WHEREAS, the respective Boards of Directors of the Companies deem it
advisable and in the best interests of their respective shareholders that LSC be
acquired by and become a wholly owned subsidiary of HBOA, and in furtherance
thereof, the Boards of Directors of the Companies have approved the merger of a
Florida corporation (to be formed as a wholly owned subsidiary of HBOA
("Acquisition Sub")) with and into LSC, upon the terms and subject to the
conditions set forth herein; and
WHEREAS, the Parties intend that this Agreement constitute a "plan of
reorganization" and that such plan qualify as a reorganization within the
meaning of Section 368(a) of the Internal Revenue Code of 1986, as amended (the
"Code"), as a reverse triangular merger under Code Sections 368(a)(1)(A) and
368(a)(2)(E), and provide for the representations, warranties, agreements and
conditions applicable to the Merger.
NOW, THEREFORE, in consideration of the foregoing and the respective
representations, warranties, covenants, and agreements set forth herein, the
Parties hereto agree as follows:
ARTICLE I
THE MERGER
1.1 The Merger. Subject to the terms and conditions of this Agreement,
at the Effective Time (as defined in Section 1.2 hereof), Acquisition Sub shall
be merged with and into LSC (the "Merger"), with LSC being the surviving
corporation in the Merger (the "Surviving Corporation") and the separate
existence of Acquisition Sub shall thereupon cease. The name of the Surviving
Corporation will be LexSys Corporation or any other name agreed upon by the
parties hereto. The Merger shall have the effects set forth in the Florida
Business Corporation Act (the "FBCA").
1.2 Effective Time of the Merger. The Merger shall become effective
(the "Effective Time") upon the completion of the filing of properly executed
Articles of Merger with the Secretary of State of the State of Florida, which
filing shall be made at the Closing which shall take place after satisfaction of
the conditions set forth in Article VIII.

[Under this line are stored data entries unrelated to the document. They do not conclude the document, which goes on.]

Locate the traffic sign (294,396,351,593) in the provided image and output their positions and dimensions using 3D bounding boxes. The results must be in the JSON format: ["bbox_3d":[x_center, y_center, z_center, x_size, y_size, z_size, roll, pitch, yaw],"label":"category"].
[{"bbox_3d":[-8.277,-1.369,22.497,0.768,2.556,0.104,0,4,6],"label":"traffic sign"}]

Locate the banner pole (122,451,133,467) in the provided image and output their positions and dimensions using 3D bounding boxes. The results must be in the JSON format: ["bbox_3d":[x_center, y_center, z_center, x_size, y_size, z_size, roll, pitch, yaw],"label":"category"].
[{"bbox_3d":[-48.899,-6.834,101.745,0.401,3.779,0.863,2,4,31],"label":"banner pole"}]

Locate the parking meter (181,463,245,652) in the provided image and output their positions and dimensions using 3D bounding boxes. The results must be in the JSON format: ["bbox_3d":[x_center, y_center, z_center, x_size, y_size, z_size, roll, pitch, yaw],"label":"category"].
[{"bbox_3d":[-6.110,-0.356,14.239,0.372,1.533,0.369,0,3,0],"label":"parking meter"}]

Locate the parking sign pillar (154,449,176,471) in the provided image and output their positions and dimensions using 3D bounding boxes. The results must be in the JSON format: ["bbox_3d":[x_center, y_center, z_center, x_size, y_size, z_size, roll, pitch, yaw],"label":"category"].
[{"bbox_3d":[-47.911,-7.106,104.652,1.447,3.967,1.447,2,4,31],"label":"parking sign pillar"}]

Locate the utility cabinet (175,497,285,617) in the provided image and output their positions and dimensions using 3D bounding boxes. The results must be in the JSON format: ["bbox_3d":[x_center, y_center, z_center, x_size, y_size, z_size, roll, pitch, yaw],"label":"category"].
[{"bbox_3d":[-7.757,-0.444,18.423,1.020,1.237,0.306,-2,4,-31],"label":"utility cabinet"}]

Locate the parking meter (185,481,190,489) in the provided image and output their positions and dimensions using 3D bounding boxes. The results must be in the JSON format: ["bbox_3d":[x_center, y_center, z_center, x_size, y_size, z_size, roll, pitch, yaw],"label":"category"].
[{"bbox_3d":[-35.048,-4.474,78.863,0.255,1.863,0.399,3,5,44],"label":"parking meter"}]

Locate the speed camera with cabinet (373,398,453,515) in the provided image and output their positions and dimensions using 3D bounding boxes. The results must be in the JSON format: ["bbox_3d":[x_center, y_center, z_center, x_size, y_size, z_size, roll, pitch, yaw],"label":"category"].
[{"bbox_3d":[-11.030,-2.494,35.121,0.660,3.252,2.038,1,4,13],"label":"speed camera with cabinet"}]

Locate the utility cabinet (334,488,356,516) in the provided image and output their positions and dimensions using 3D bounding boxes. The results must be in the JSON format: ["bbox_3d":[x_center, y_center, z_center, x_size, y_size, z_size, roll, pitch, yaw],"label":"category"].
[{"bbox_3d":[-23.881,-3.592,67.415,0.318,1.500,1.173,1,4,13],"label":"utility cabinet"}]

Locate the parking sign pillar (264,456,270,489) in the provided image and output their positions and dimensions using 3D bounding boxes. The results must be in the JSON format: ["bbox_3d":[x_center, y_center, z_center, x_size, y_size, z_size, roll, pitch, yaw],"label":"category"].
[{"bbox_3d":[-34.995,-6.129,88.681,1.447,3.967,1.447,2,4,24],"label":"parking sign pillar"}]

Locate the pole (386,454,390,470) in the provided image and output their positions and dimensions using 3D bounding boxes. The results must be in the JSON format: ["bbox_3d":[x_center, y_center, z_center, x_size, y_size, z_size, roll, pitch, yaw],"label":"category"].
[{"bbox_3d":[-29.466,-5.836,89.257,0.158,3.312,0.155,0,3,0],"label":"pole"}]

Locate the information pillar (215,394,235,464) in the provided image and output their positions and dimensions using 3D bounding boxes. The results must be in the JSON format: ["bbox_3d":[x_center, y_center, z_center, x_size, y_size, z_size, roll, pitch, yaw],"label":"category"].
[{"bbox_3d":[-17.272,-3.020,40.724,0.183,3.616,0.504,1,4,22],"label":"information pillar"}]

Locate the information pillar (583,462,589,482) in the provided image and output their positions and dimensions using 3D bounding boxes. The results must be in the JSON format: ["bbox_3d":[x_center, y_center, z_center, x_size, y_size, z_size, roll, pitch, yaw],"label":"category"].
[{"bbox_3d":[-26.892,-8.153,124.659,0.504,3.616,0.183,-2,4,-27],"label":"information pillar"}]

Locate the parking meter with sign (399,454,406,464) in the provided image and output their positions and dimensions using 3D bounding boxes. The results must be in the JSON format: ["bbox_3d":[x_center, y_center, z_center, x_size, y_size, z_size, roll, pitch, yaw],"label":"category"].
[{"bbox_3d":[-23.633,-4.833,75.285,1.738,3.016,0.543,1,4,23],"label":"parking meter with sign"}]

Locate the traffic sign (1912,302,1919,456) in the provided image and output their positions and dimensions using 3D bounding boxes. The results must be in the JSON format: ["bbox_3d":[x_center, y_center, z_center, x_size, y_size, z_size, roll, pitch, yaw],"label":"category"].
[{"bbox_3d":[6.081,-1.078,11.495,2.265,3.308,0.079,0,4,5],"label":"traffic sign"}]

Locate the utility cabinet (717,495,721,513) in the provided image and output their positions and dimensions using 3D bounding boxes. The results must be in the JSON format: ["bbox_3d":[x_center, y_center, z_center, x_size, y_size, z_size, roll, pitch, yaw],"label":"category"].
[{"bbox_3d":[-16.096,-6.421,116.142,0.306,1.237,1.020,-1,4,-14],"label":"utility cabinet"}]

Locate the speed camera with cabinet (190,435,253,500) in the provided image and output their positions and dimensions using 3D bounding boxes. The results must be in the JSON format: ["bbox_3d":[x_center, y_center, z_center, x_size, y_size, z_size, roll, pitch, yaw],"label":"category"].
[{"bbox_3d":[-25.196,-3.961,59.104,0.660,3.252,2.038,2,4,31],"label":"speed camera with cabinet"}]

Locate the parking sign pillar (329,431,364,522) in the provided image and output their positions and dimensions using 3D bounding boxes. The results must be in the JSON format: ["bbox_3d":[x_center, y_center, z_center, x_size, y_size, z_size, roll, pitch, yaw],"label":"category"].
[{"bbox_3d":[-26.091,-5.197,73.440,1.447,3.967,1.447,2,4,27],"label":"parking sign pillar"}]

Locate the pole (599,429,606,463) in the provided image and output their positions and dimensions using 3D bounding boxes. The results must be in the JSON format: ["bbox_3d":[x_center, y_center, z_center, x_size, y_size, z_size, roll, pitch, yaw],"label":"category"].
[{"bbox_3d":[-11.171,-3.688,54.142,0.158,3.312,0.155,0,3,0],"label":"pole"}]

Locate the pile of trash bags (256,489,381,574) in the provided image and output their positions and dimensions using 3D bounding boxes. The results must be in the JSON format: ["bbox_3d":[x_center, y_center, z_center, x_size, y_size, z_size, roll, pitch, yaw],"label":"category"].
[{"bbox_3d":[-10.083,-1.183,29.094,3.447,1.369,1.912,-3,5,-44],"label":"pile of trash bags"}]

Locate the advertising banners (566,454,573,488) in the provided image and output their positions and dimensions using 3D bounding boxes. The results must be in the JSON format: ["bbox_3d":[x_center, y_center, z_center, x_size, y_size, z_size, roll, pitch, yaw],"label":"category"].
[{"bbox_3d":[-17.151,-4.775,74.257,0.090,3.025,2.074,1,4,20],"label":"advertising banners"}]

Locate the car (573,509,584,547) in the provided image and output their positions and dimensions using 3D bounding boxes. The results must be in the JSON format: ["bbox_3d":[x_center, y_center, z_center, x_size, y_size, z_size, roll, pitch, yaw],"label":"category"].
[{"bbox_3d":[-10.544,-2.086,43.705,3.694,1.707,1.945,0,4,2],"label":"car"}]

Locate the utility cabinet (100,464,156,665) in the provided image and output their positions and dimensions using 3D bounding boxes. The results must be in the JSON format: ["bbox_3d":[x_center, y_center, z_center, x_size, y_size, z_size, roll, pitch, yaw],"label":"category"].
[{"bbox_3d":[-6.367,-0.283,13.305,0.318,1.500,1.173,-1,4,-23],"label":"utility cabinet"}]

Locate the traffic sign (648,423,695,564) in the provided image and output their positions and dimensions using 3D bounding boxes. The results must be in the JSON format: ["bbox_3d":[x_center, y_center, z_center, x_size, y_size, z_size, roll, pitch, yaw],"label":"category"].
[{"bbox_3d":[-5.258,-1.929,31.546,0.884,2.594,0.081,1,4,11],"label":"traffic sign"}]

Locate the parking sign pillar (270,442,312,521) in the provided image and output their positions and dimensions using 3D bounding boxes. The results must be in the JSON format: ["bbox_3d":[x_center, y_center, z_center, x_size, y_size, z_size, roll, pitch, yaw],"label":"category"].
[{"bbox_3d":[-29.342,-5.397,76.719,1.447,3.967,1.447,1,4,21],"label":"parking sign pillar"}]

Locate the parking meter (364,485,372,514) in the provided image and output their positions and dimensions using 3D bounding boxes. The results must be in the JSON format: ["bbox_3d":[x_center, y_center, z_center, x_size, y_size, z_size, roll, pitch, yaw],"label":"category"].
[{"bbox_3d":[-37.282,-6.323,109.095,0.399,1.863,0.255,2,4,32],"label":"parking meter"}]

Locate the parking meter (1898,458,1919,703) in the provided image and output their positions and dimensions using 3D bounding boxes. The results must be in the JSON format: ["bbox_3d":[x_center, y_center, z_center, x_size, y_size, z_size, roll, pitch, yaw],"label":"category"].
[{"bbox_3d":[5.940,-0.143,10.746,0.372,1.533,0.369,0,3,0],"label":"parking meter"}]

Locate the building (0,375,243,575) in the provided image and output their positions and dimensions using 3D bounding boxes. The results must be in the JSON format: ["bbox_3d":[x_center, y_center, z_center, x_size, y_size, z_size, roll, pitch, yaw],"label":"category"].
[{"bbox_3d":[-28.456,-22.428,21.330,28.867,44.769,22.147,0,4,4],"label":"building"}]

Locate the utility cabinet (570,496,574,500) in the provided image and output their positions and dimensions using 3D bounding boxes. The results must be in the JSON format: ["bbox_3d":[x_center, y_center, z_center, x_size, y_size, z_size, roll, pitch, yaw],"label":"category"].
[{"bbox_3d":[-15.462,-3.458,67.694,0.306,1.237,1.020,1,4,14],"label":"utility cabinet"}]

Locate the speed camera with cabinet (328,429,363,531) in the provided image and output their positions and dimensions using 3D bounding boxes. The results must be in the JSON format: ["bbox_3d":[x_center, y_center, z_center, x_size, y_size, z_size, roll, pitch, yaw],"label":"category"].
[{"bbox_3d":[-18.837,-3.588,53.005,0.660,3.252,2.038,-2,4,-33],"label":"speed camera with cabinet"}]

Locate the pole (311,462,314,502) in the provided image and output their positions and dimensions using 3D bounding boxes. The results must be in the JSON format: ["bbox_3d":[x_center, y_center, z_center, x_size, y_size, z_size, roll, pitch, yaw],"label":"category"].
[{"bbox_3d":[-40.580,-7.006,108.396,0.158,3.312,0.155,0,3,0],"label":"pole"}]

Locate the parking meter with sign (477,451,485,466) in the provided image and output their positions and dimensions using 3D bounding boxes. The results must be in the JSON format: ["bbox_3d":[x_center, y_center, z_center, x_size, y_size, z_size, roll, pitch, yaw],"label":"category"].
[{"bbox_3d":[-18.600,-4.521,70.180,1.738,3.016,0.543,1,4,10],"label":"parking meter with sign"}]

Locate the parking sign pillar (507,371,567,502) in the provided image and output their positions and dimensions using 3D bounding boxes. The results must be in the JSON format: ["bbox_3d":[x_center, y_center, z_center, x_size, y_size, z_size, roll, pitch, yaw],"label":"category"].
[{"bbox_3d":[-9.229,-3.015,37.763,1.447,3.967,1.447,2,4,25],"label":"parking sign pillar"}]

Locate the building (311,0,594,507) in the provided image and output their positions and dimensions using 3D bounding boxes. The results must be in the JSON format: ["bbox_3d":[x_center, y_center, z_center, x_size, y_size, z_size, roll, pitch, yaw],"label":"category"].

1.3 Merger Consideration. At the Effective Time, by virtue of the
Merger and without any action on the part of any holder of capital stock of LSC,
HBOA or Acquisition Sub, the shares of common stock of LSC (the "LSC Share(s)")
issued and outstanding immediately prior to the Effective Time, shall be
exchangeable for and converted at the Effective Time into the right to receive
in the aggregate (i) 1,000,000 validly issued, fully paid and non-assessable
shares of restricted common stock of HBOA (the "HBOA Shares") and (ii) warrants
("Warrants") to purchase 1,000,000 shares of HBOA's common stock. The HBOA
Shares and Warrants will be issued at the Closing. The exercise price of the
Warrants will be 110% of the Company's average trading price during the 30 day
period prior to the Closing Date. The average trading price will be determined
by averaging the high and low bid prices during the thirty days preceding the
Closing Date. The Warrants will be immediately exercisable and will expire three
years after the Closing Date.
1.4 Escrow of Shares of the Principals. Robert Cox and Charles Taylor
each agree that they will each place 250,000 shares of HBOA's common stock (the
"Escrowed Shares), an aggregate of 500,000 share of HBOA's common stock in
escrow, pursuant to the terms and conditions of certain escrow agreements. Cox
and Taylor agree that the Escrowed Shares will not be released from escrow if
either one of them leaves the Surviving Corporation prior to the one (1) year
period after the Closing Date.
<PAGE>
1.5 Funding of LexSys and Liabilities. LSC and its shareholders have
represented and warranted that their liabilities do not exceed $150,000 and
these liabilities and the creditors are listed on Schedule 3.6 attached hereto.
Within one hundred twenty (120) days after the Closing, HBOA has agreed that it
will pay these liabilities on behalf of LexSys.